## linear algebra questions

Dear Professor,

I’m a second year Algebra student, and I was hoping you could answer a couple of questions.

1.

a. Notation. In the online notes, page 43, you refer to the set $GL_n (k)$. I don’t recall seeing this notation before – what set does this refer to?

b. On page 45 you twice refer to $q(x,y)_t$ seeming to mean a transposed quadratic form. What does this mean?
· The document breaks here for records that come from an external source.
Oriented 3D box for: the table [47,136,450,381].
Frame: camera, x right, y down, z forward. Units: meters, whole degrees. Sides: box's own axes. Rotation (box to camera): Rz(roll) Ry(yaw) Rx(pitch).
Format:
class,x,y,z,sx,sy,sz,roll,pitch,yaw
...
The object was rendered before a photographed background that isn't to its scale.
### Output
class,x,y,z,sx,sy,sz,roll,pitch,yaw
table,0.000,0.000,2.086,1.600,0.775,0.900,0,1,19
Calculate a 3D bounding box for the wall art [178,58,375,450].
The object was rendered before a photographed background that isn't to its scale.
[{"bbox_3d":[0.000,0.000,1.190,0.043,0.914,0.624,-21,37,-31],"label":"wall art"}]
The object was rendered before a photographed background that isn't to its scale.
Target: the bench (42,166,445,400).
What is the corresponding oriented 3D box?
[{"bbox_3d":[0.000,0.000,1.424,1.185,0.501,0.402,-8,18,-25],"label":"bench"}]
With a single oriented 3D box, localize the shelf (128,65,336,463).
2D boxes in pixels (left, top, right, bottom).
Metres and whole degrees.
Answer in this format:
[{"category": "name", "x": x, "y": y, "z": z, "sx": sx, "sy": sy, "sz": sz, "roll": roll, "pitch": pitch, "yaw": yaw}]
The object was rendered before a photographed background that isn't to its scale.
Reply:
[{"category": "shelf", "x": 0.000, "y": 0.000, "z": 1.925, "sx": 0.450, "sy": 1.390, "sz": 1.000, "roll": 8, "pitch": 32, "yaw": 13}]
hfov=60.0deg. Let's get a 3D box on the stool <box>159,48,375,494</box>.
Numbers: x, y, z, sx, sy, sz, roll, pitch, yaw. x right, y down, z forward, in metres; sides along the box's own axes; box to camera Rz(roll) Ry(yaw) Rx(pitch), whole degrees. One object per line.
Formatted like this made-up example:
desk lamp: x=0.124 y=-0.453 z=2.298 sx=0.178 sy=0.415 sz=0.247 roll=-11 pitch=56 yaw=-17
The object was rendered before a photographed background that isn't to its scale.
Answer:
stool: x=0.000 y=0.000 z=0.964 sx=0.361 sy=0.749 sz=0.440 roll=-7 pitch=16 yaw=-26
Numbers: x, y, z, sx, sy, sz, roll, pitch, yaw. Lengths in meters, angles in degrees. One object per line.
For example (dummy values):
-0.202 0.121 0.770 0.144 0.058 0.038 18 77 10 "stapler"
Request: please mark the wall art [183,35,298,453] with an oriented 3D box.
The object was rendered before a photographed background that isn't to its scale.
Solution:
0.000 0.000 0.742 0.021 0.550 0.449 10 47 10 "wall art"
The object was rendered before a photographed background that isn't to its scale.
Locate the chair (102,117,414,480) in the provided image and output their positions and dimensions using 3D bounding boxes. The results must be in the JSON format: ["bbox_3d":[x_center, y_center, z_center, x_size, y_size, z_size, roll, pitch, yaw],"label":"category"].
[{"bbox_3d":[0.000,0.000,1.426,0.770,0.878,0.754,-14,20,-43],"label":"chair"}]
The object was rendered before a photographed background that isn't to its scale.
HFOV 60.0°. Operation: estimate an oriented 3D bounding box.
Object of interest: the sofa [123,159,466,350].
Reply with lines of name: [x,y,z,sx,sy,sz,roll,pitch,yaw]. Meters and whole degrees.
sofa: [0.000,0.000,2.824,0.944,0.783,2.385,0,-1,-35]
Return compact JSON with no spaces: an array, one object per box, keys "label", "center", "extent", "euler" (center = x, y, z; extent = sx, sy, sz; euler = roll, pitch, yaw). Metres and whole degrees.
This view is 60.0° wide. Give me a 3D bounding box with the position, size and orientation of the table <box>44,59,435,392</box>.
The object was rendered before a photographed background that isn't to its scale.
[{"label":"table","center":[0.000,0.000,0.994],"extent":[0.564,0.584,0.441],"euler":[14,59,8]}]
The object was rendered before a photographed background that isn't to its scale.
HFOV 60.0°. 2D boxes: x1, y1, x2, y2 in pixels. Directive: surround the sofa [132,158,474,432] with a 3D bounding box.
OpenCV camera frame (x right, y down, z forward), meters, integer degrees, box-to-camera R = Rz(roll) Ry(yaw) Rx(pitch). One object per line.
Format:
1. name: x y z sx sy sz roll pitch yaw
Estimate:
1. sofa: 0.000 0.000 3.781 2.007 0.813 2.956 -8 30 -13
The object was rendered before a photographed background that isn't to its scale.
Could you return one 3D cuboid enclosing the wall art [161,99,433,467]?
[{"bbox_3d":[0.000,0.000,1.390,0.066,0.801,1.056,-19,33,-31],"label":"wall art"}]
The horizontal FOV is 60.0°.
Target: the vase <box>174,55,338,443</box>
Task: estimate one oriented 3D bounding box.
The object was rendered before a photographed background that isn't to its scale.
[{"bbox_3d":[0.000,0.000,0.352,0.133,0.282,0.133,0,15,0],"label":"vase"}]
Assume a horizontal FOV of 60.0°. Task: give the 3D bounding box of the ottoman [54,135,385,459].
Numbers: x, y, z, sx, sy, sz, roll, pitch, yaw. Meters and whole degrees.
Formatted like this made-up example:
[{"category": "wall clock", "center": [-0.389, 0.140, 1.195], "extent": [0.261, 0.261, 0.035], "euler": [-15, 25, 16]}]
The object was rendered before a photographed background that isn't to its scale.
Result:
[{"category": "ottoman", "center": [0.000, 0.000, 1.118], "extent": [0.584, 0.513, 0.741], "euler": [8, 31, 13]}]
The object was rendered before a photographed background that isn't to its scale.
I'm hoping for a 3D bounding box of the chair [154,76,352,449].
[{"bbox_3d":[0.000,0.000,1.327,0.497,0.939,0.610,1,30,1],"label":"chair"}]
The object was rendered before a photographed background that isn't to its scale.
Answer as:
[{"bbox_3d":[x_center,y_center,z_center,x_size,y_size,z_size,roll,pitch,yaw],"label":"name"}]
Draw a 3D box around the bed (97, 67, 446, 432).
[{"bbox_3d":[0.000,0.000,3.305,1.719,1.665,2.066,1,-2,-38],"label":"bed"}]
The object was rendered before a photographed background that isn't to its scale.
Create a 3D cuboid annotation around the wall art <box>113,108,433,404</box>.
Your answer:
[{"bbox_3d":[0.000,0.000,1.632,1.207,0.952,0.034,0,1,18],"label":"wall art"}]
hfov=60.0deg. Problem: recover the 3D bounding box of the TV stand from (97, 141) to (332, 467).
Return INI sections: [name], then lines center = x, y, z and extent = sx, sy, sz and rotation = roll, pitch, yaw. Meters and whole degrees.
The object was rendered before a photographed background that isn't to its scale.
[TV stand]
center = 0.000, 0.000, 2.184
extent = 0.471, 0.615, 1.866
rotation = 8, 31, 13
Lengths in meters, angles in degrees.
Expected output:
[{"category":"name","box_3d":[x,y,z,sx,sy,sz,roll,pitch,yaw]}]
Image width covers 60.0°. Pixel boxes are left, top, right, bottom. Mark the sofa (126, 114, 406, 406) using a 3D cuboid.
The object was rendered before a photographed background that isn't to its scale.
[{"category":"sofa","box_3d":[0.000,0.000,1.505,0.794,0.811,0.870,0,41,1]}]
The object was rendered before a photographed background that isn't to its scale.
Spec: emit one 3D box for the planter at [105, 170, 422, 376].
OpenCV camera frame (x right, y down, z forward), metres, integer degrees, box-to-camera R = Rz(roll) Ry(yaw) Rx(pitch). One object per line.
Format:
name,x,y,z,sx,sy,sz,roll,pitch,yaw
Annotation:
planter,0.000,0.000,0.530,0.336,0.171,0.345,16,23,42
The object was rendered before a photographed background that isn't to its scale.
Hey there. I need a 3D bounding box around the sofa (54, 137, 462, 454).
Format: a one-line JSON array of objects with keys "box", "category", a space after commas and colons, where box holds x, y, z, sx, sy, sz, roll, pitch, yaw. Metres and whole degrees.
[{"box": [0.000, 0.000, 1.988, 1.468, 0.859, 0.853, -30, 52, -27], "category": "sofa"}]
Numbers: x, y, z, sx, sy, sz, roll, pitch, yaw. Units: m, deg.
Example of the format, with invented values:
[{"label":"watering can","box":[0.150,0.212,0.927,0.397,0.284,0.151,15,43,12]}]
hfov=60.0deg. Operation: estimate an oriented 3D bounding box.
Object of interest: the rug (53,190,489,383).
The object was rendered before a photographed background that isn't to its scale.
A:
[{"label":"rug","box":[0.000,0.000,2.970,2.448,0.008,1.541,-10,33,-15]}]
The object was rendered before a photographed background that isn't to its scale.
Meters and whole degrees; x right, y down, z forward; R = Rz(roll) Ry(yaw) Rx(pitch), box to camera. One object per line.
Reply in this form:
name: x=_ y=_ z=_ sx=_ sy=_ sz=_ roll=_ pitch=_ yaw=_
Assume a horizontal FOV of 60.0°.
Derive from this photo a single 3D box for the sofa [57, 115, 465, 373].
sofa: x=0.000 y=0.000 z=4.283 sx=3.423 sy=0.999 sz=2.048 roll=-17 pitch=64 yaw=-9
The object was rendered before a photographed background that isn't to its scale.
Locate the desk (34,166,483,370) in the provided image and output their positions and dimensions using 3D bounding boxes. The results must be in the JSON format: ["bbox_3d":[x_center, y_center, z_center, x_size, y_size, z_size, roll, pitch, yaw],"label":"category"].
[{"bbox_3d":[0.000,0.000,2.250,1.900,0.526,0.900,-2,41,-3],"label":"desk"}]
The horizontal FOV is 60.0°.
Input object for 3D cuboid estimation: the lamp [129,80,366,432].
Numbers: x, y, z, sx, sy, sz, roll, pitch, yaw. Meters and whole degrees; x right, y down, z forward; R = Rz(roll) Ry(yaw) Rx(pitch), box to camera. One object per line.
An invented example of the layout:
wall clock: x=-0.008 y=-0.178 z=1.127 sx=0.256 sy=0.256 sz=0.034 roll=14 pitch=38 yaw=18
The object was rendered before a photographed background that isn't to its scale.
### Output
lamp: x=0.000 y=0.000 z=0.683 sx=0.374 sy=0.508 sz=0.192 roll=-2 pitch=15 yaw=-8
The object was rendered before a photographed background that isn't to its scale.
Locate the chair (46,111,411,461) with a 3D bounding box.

How can one transpose what is essentially a function?

2.

From my notes from Thursday’s lecture, in an example we consider a quadratic form $q$, $C_1$ the standard basis for $R^3$, $C_2$ a different basis, and $M$ the change of basis matrix from $C_1$ to $C_2$, so that $\left[q\right]_{C_1} = B$, $B$ being a 3×3 matrix which we had earlier diagonalised via double operations to obtain the diagonal matrix $D$.
We called the matrix that effected those double operations $P$, so that

$P^TBP = D.$

Then, changing basis from $C_1$ to $C_2$, we wrote:

$\left[q\right]_{C_2} = M^t\left[q\right]_{C_1}M$

Then the following line is what I don’t understand: “Because $C_1$ is the standard basis for $k^3$, the columns of $P$ are exactly elements of the new basis $C_2$” Why is this the case?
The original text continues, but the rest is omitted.